Ce langage n'est pas assurément d'un homme habitué «à ne voir et considérer les actes les plus iniques que comme des moyens de succès et ne les juger que par les résultats[56]».
La conclusion de ce sixième livre n'est pas moins admirable et le prédicateur dans la chaire ne s'exprimerait pas autrement. «Or, voyez-vous la mort de tant de grands hommes en si peu de temps, qui tant ont travaillé pour s'accroître et pour avoir gloire, et tant en ont souffert de passions et de peines, et abrégé leur vie; et par aventure leurs âmes en pourraient souffrir.... N'eut-il pas mieux valu à eux, et à tous autres princes, et hommes de moyen état, qui ont vécu sous ces grands, et vivront sous ceux qui règnent, élire le moyen chemin en ces choses. C'est à savoir, moins se soucier, et moins se travailler, et entreprendre moins de choses, et plus craindre à offenser Dieu, et à persécuter le peuple, et leurs voisins, et par tant de voies cruelles que j'ai assez déclarées par ci-devant, et prendre des aises et plaisirs honnêtes? Leurs vies en seraient plus longues. Les maladies en viendraient plus tard, et leur mort en serait plus regrettée, et de plus de gens, et moins désirée, et aurait moins à douter (craindre) la mort. Pourrait-on voir de plus beaux exemples pour connaître que c'est peu de chose que de l'homme; et que cette vie est misérable et briève et que ce n'est rien des grands; et qu'incontinent qu'ils sont morts, tout homme en a le corps en horreur et vitupère? et qu'il faut que l'âme sur l'heure se sépare d'eux et qu'elle aille recevoir son jugement?

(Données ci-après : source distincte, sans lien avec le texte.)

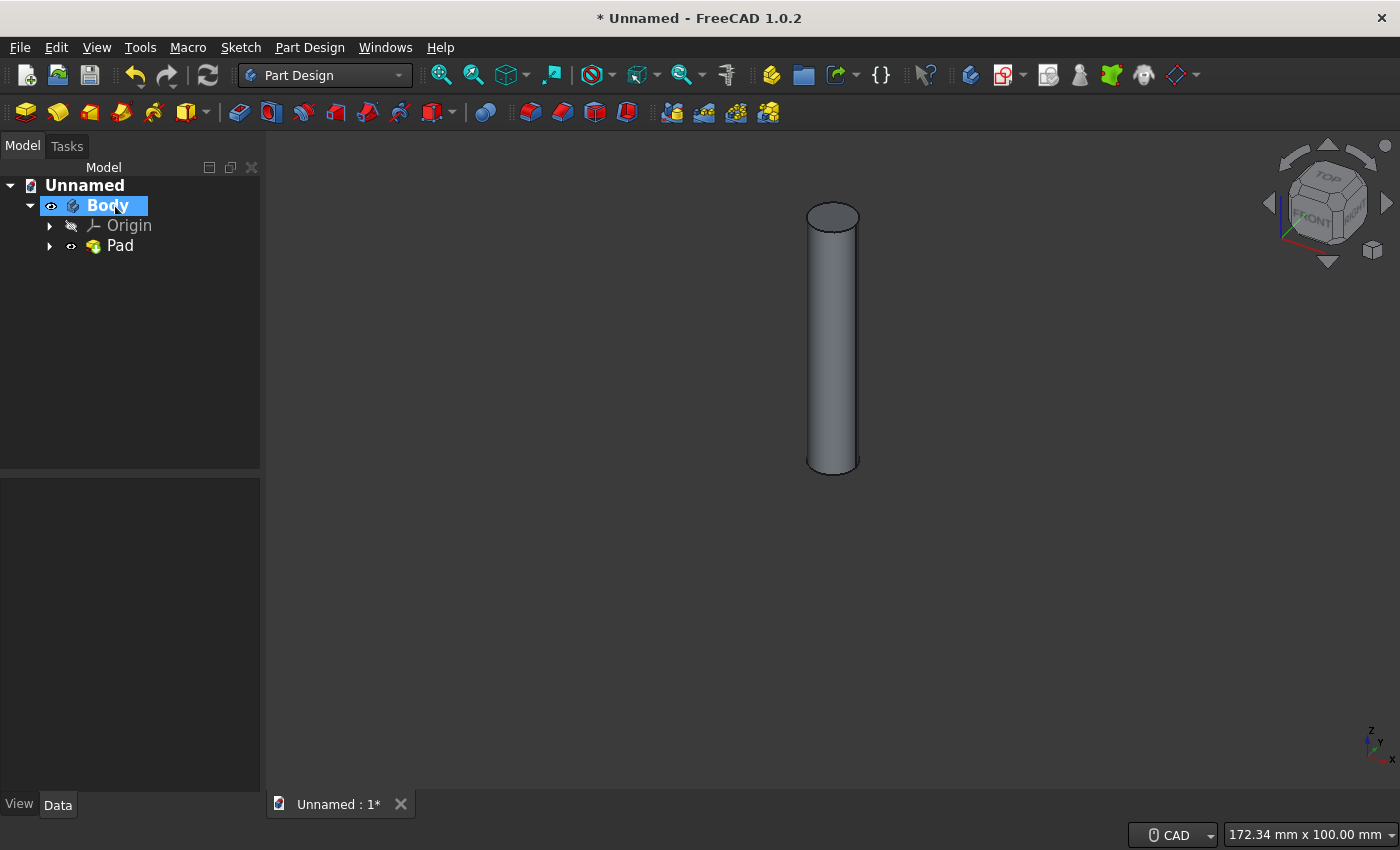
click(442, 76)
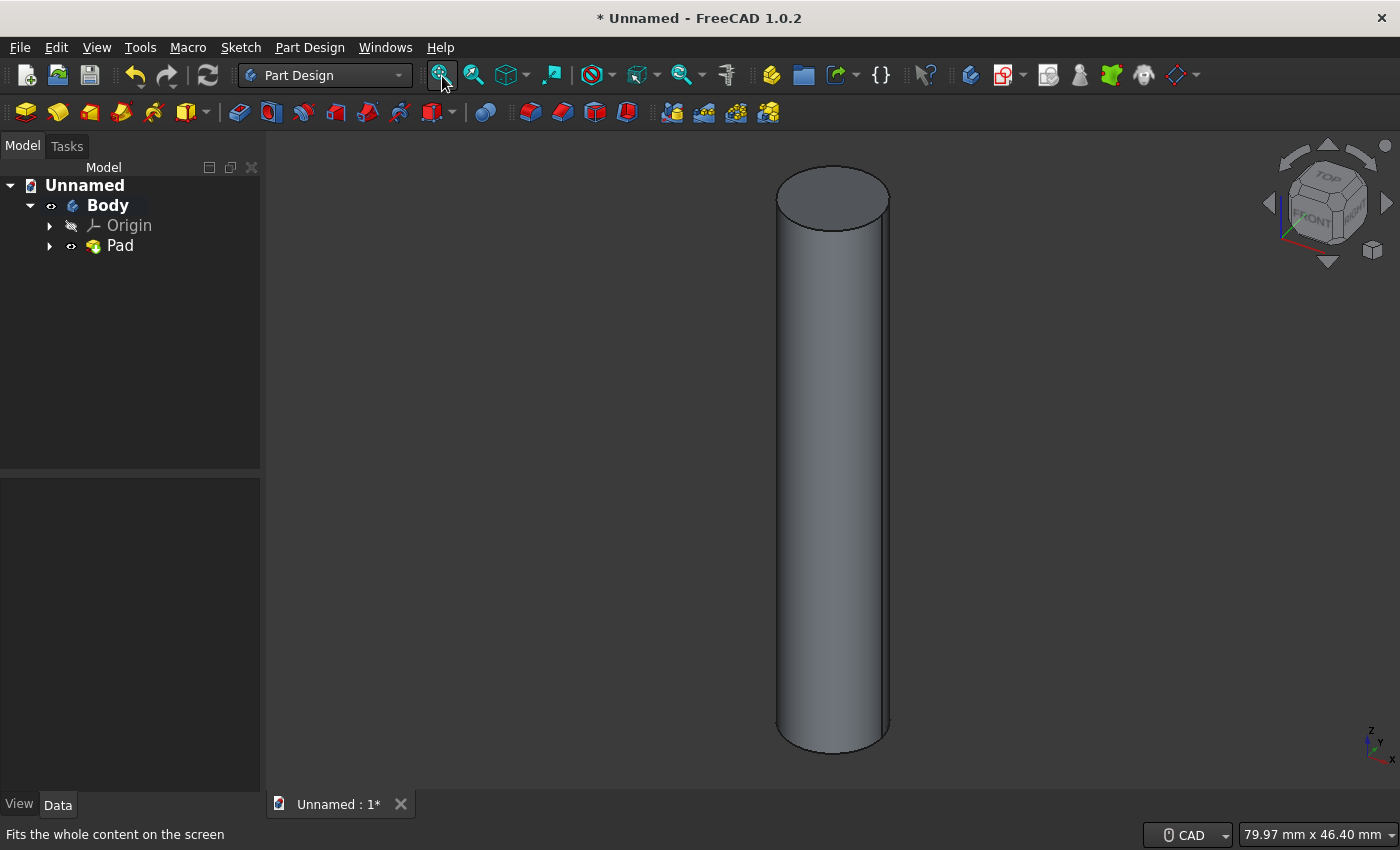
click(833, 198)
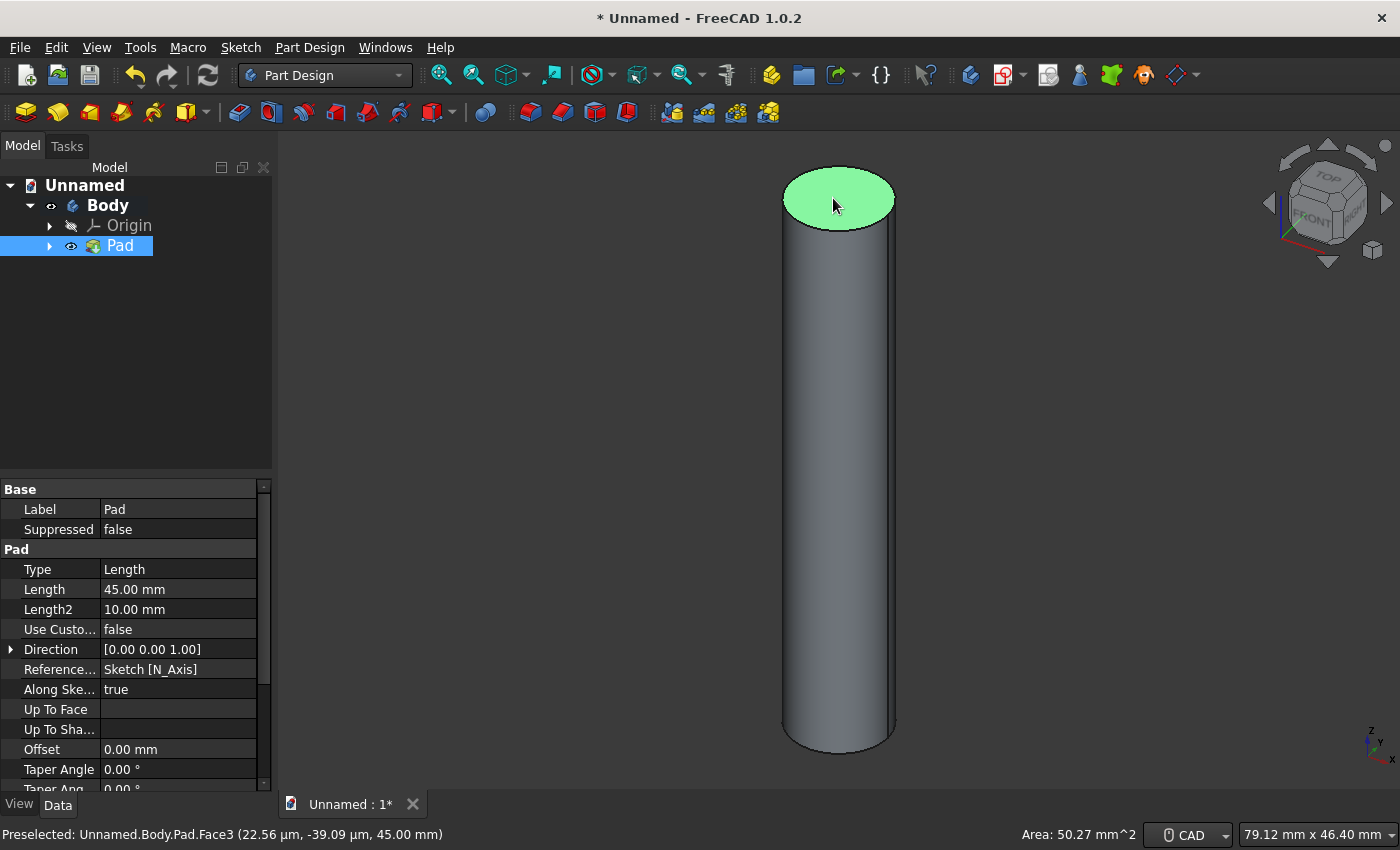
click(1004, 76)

Et à la vérité, en l'instant que l'âme est séparée du corps, jà la sentence en est donnée de Dieu, selon les œuvres et mérites du corps, laquelle sentence s'appelle le jugement particulier.» (Liv. VI).
Ce langage n'est pas celui du politique, mais du chrétien amené à la saine appréciation des choses par les malheurs d'autrui et aussi par sa propre et douloureuse expérience. Celle-ci ne manqua pas à Commines; car, après la mort de Louis XI, devenu suspect à la régente par suite de ses relations avec le duc d'Orléans (depuis Louis XII), il fut arrêté et pendant plus de deux années retenu dans une étroite prison, (bien étroite) pendant huit mois surtout, puisque c'était une de ces fameuses cages de fer imaginées par Louis XI: «Il avait fait de vigoureuses prisons, comme cages de fer et autres de bois, couvertes de plaques de fer par le dehors et par le dedans avec terribles ferrures de quelques huit pieds de large et de la hauteur d'un homme et un pied de plus. Le premier qui les dévisa (essaya) fut l'évêque de Verdun qui, en la première qui fut faite, fut mis incontinent et y a couché quatorze ans. Plusieurs l'ont maudit, et moi aussi qui en ont tâté sous le roi de présent (Charles VIII) l'espace de huit mois.»
Rendu à la liberté, Commines retrouva en partie son crédit et fut chargé de plusieurs missions importantes par Charles VIII auquel il rendit de grands services pendant l'expédition d'Italie. Mais sous le successeur de ce prince, sous Louis XII, pour qui Commines s'était naguère si fort compromis, il ne fut aucunement employé, et vécut (qui sait pourquoi?) dans une sorte de disgrâce, ce qui lui permit d'ailleurs d'achever tout à loisir la rédaction de ses Mémoires. Il mourut, en 1509, dans son château d'Argenton.
La première édition des Mémoires, in-fol. fut publiée à Paris en 1523.